Putusan Mahkamah Konstitusi No. 69/PUU-XIII/2015
Perubahan besar mengenai perjanjian pasca nikah datang dari Putusan Mahkamah Konstitusi Nomor 69/PUU-XIII/2015. Putusan ini meninjau Pasal 29 Undang-Undang Nomor 1 Tahun 1974 tentang Perkawinan. Sebelum putusan ini, Pasal 29 ayat (1) hanya membolehkan perjanjian perkawinan dibuat sebelum atau saat menikah.
Namun Mahkamah Konstitusi menilai aturan ini tidak adil untuk pasangan suami istri. Menurut MK, suami istri juga berhak mengatur harta mereka selama menikah.

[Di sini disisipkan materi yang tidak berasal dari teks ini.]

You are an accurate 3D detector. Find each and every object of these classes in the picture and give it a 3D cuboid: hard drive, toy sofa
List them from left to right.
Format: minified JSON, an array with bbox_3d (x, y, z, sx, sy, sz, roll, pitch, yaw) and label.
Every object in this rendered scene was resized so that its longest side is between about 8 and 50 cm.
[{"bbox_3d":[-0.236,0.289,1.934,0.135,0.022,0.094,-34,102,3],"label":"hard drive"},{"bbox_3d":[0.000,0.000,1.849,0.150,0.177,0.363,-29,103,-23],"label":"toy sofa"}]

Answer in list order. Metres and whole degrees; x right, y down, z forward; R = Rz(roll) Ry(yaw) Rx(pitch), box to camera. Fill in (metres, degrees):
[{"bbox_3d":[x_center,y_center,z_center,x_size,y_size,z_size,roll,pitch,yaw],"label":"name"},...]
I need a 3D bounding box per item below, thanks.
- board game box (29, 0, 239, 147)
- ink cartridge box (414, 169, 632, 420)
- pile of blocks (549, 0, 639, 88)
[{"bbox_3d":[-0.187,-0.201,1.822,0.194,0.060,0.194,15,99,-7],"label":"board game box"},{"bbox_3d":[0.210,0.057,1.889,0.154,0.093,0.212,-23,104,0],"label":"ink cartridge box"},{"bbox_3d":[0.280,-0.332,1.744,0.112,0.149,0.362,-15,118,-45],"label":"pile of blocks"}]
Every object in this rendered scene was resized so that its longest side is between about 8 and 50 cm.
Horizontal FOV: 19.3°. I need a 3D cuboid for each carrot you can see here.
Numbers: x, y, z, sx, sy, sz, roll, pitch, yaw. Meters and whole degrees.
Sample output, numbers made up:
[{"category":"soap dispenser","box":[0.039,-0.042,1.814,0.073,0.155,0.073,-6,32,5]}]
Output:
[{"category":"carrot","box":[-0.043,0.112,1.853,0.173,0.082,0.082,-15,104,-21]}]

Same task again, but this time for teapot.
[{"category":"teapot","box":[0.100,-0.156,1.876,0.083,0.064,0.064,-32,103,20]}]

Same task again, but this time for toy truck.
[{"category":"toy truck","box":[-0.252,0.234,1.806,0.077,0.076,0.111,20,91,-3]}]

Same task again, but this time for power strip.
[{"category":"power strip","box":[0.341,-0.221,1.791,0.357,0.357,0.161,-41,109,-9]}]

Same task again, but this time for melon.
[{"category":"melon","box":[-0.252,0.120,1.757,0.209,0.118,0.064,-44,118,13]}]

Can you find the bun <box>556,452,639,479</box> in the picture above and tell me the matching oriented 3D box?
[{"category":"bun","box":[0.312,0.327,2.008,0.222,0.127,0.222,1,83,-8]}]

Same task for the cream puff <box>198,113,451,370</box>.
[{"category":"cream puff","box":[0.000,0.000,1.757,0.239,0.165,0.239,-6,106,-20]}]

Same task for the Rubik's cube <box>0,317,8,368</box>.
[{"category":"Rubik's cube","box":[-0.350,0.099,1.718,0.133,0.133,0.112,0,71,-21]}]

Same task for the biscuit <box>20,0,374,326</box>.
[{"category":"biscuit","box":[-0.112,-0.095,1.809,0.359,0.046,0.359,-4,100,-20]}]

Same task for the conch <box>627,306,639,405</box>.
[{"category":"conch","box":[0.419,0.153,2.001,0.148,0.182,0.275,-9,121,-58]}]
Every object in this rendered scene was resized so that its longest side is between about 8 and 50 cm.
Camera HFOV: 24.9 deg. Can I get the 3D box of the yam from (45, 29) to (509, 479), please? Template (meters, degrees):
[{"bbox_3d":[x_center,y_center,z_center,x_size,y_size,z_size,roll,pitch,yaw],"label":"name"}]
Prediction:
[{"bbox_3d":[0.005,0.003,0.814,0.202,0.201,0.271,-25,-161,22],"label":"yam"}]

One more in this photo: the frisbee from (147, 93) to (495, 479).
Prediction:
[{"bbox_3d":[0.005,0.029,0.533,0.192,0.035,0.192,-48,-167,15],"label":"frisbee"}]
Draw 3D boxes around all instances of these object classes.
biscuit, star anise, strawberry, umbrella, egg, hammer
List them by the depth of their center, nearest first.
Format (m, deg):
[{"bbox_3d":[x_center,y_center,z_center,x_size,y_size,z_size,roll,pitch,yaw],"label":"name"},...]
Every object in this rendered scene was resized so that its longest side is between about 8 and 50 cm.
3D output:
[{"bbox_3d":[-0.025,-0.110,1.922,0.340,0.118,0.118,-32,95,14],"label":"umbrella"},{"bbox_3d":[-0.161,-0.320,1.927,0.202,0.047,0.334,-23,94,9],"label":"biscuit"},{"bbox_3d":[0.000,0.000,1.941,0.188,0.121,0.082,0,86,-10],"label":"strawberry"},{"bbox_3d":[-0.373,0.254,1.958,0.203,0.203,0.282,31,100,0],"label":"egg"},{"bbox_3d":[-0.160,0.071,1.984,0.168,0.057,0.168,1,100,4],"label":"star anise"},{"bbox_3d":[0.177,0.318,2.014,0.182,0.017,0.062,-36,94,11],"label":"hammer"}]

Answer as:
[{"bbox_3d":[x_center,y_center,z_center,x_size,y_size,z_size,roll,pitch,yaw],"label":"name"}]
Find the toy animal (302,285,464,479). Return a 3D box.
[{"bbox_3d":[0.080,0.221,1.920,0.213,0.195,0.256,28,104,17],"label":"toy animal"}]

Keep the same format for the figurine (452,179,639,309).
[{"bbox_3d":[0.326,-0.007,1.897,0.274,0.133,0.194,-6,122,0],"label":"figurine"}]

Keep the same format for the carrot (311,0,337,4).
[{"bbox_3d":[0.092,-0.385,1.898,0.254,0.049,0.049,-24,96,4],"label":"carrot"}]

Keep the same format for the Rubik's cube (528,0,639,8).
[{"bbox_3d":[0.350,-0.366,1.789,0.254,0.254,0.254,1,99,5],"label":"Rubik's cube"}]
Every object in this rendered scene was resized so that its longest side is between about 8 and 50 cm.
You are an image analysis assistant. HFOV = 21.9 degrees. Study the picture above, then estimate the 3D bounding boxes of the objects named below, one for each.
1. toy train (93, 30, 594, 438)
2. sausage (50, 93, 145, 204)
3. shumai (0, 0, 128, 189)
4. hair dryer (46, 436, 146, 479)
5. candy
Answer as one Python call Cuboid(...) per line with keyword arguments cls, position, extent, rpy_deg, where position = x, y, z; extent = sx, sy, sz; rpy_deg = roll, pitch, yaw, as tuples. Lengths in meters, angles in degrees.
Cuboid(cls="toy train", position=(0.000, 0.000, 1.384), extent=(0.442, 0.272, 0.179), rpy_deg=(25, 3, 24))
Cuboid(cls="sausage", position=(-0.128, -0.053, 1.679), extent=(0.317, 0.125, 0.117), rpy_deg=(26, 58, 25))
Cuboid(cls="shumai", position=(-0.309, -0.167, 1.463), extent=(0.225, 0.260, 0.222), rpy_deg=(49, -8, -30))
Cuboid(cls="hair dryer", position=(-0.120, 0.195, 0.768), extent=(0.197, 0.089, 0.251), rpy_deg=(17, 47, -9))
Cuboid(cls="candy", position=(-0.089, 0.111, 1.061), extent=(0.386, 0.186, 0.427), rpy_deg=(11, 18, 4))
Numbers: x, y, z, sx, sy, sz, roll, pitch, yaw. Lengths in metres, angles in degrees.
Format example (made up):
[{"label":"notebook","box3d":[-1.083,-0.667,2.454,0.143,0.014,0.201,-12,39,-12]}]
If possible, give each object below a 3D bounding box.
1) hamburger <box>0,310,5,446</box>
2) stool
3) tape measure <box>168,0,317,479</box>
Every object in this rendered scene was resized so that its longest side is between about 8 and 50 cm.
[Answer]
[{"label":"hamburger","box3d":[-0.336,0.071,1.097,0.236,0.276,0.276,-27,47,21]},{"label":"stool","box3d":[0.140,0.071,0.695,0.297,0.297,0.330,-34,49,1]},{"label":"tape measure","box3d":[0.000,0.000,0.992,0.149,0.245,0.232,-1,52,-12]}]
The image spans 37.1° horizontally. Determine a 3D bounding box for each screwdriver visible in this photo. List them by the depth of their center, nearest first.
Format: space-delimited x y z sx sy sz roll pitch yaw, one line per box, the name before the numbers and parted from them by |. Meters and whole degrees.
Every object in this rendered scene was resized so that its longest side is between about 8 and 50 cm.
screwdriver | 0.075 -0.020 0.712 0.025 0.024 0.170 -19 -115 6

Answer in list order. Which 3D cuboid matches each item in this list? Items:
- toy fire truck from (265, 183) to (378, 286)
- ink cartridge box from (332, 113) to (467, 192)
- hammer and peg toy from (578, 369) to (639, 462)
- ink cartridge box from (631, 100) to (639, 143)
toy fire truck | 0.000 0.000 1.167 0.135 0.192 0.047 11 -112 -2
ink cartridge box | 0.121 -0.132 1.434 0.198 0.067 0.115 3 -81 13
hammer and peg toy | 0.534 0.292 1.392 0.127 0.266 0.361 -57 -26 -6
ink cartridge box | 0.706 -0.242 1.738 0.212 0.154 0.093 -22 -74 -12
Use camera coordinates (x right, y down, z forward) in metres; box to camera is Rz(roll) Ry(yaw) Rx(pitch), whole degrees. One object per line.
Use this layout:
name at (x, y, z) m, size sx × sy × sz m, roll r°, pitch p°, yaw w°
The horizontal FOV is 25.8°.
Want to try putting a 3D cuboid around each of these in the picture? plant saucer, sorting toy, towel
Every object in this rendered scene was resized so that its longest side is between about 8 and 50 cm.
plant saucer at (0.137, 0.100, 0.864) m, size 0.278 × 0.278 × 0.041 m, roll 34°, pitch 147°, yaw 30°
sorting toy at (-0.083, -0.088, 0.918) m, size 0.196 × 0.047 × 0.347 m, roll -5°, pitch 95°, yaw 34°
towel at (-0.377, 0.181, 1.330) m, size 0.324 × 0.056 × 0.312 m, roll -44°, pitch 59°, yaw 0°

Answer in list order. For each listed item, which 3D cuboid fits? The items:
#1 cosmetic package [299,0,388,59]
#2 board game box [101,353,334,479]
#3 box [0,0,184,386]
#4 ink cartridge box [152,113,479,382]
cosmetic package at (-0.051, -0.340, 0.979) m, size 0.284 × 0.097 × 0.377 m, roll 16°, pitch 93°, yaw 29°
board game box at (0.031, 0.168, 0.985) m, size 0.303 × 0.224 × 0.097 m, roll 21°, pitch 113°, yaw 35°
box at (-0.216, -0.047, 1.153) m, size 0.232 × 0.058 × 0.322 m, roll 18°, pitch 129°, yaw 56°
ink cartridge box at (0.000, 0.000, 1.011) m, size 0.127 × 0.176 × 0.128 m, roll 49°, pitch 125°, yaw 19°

Akhirnya, MK memperluas arti Pasal 29 ayat (1) menjadi:
“Pada waktu, sebelum dilangsungkan, atau selama dalam ikatan perkawinan, kedua belah pihak atas persetujuan bersama dapat mengadakan perjanjian tertulis yang disahkan oleh pegawai pencatat perkawinan atau notaris, setelah mana isinya berlaku juga terhadap pihak ketiga sepanjang pihak ketiga tersangkut.”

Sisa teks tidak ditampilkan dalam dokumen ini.